Odnośnik do odpowiedzi
Udostępnij na innych stronach

Mousey rozumiem Cię doskonale i współczuję, tym bardziej że jesteś osobą młodą i masz życie przed sobą.Ja jestem trochę starsza i dlatego proszę Cię nie zaczynaj brać stale benzo, szkoda Twojego życia.Wiem po sobie jak trudno odstawić to dziadostwo.Rozumiem Twoje lęki bo sama mam takie, ale po roku zażywania alproxu mam dwa problemy, niewyleczona nerwicę lekowa i uzależnienie, trzymam za Ciebie kciuki żebyś przezwyciezyla te lęki i nie musiała brać benzo.Pozdrawiam😃

Udostępnij tę odpowiedź


Odnośnik do odpowiedzi
Udostępnij na innych stronach

Godzinę temu, Jastara napisał:

Mousey rozumiem Cię doskonale i współczuję, tym bardziej że jesteś osobą młodą i masz życie przed sobą.Ja jestem trochę starsza i dlatego proszę Cię nie zaczynaj brać stale benzo, szkoda Twojego życia.Wiem po sobie jak trudno odstawić to dziadostwo.Rozumiem Twoje lęki bo sama mam takie, ale po roku zażywania alproxu mam dwa problemy, niewyleczona nerwicę lekowa i uzależnienie, trzymam za Ciebie kciuki żebyś przezwyciezyla te lęki i nie musiała brać benzo.Pozdrawiam😃

Dzięki za słowa wsparcia 🙂 ja mam od dłuższego czasu niewyleczona nerwice, jestem po terapii na oddziale dziennym, terapii indywidualnej i stale biorę leki i czuje że tylko to "zaleczam". W moim wypadku duża rolę odgrywa to że moja mama również choruje na nerwice i bezsenność, ma 64 lata i brala leki bardzo długo a i tak tylko pomaga jej jedno "lorafen". Moj starszy brat też nerwica lekowa, ataki paniki. To musi być podłoże genetyczne.
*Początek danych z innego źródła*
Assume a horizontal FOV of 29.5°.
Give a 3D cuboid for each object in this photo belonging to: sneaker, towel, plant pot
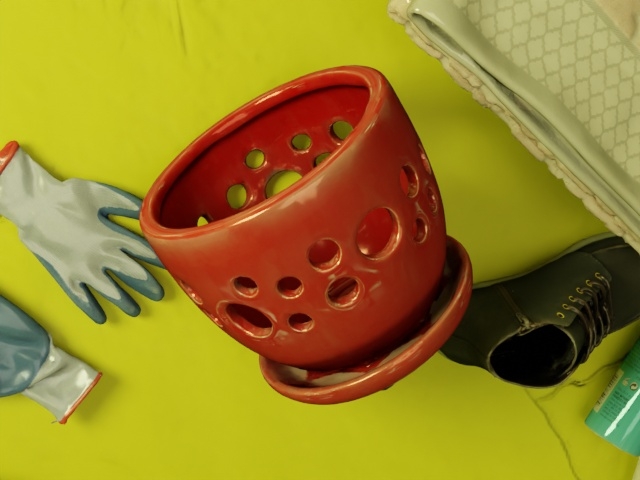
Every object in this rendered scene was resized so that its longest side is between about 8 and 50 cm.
[{"bbox_3d":[0.205,0.059,0.938,0.222,0.118,0.083,-19,107,-12],"label":"sneaker"},{"bbox_3d":[0.244,-0.188,0.897,0.332,0.053,0.317,38,77,-24],"label":"towel"},{"bbox_3d":[0.000,0.000,0.832,0.191,0.191,0.174,-37,118,-6],"label":"plant pot"}]

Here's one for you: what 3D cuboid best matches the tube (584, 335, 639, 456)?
[{"bbox_3d":[0.291,0.077,0.995,0.052,0.080,0.207,27,97,-17],"label":"tube"}]

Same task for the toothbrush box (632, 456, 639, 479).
[{"bbox_3d":[0.399,0.274,0.943,0.216,0.295,0.126,5,111,-17],"label":"toothbrush box"}]

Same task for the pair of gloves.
[{"bbox_3d":[-0.204,0.037,0.863,0.159,0.023,0.198,36,89,-19],"label":"pair of gloves"}]

Nie wiem jak z tym walczyć, a lecze się tak na prawdę przez 8 lat mając teraz 24 lata.

Edytowane przez mousey

Udostępnij tę odpowiedź


Odnośnik do odpowiedzi
Udostępnij na innych stronach

Mousey ja też mam to w rodzinie, moja mama zachorowała w młodości na nerwicę, niestety już nie żyje.Jeśli bierzesz lorafen tylko doraźnie to ok, ale nie strac nad tym kontroli.Mogę zapytać czy mama bierze lorafen doraźnie czy stale?Pozdrawiam i życzę wszystkiego dobrego😃

Udostępnij tę odpowiedź


Odnośnik do odpowiedzi
Udostępnij na innych stronach

12 minut temu, Jastara napisał:

Dziewczyny ja już dziś wieczorem swiruje jak pomyślę o tym piątku, co robić?Chyba oszaleje, na pewno dobiore i odstawianie szlag trafi!!
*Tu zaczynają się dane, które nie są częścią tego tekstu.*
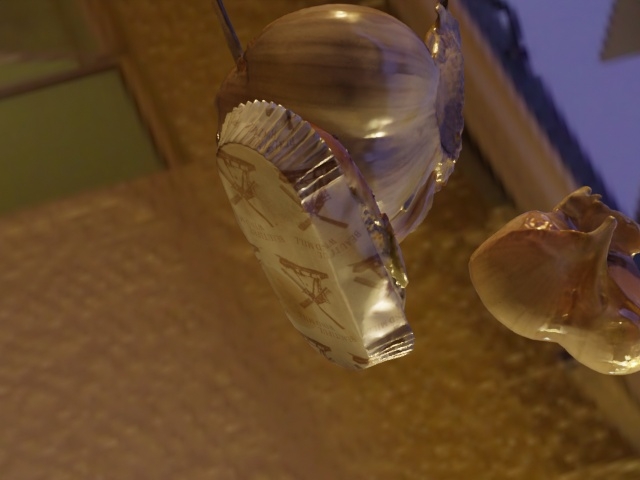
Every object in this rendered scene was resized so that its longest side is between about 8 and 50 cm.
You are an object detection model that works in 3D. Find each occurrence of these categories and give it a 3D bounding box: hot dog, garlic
[{"bbox_3d":[0.000,0.000,1.056,0.099,0.053,0.192,22,-31,44],"label":"hot dog"},{"bbox_3d":[0.205,0.036,1.508,0.174,0.124,0.099,37,11,-9],"label":"garlic"},{"bbox_3d":[0.015,-0.125,1.394,0.207,0.207,0.256,104,-33,-60],"label":"garlic"}]
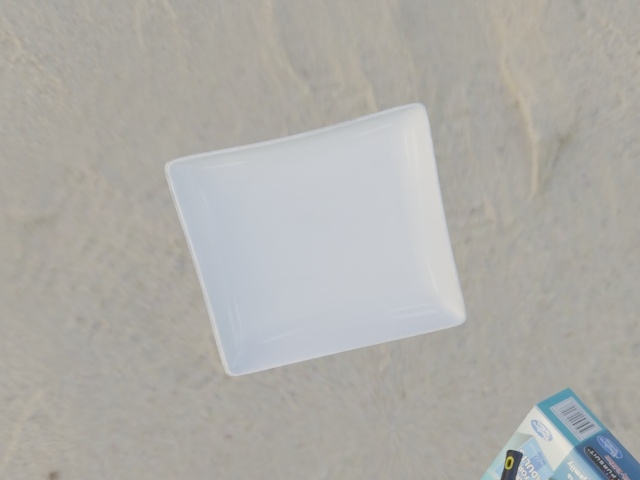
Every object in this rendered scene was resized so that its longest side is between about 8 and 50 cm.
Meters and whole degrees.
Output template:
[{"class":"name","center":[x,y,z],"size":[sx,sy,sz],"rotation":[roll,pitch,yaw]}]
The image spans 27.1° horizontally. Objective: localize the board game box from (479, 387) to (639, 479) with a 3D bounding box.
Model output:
[{"class":"board game box","center":[0.304,0.395,1.707],"size":[0.079,0.336,0.254],"rotation":[-17,56,-42]}]

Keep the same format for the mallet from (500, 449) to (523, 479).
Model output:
[{"class":"mallet","center":[0.169,0.308,1.375],"size":[0.062,0.039,0.190],"rotation":[-5,62,36]}]

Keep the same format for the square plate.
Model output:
[{"class":"square plate","center":[0.000,0.000,1.788],"size":[0.347,0.049,0.344],"rotation":[-13,118,1]}]

Pomyśl sobie że jeśli będzie bardzo źle to zawsze masz tą alternatywe i lek w domu ze w najgorszym wypadku weźmiesz więcej a tym że zaniechasz na chwilę odstawienie wogole się nie przejmuj, nigdzie Ci się nie spieszy dlatego w tak stresującej sytuacji możesz sobie pozwolić na dobranie leku, tak mysle. Nie możesz tak się nakrecac i zrób jak najszybciej termin do lekarki w sprawie tej pregabaliny. 

Ja dzisiaj mam gorszy dzień, głowa cały czas myśli, strach przed ponownym (nie daj Boże) pujsciem do szpitala doprowadza mnie do strasznego niepokoju, nie pomaga jak sobie powtarzam że już nigdy tam nie wrócisz! Normalnie koszmar, ten psychiatryk będzie mnie już zawsze przesladowal? 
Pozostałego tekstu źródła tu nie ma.